Civil Engineering: Hydrogeology, Height of a Perched Aquifer Water Table

[civilstudent2]

Homework Statement

Heavy infiltration (due to excess irrigation) of 3 cm/d causes a perched water table to form above a low permeable, flow-restricting layer. The top of the restricting layer is at a depth of 2 m, it is 0.4 m thick, and it has a K_v of 0.01 m/day. The material above the restricting layer is a silt loam with a K_v of 0.12 m/day. Coarse sand and gravel occurs below the restricting layer. After flowing through the restricting layer, the water moves as unsaturated flow through the sand and gravel to an unconfined aquifer. What is the height of the perched water table above the top of the restricting layer?

Homework Equations

q= constant for all layers
q = K * I = K * (dh/dL)

The Attempt at a Solution

Because of the vertical layering and conservation of mass, the q (unit flow) through each layer should be the same. I tried the following:

q = 0.03 m/day = (0.12)(dh1/dL1) = (0.01)(dh2/0.4)

my goal, I believe is to solve for dL1 (labeled as L in the attached picture). But it appears I have too many unknowns or I am missing some fundamental concept.

 

[KataKoniK]

Dear fellow scientist,

Thank you for sharing your attempt at solving this problem. I agree with your approach of using the equation q=K*I to solve for the height of the perched water table.

However, I believe you have made a small mistake in your calculation. The equation should be:

q = 0.03 m/day = (0.12 m/day)(dh1/dL1) = (0.01 m/day)(dh2/0.4 m)

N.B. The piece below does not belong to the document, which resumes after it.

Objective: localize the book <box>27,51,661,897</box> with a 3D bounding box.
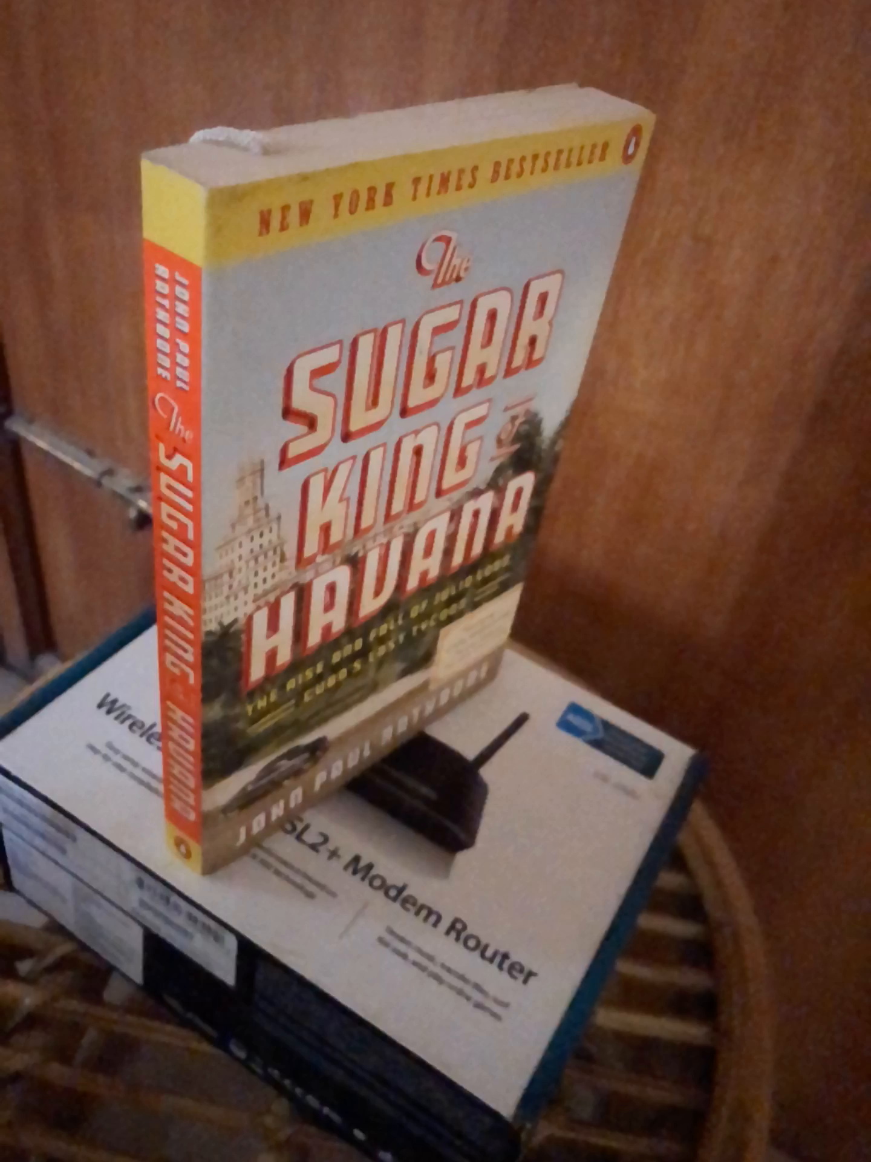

This is because the permeability values (K) are given in units of m/day, so they should be multiplied by the units of flow (m/day) to get the actual flow rate (q).

Using this corrected equation, you should be able to solve for the height of the perched water table (dh1). Let me know if you have any further questions or if this solution does not work for you.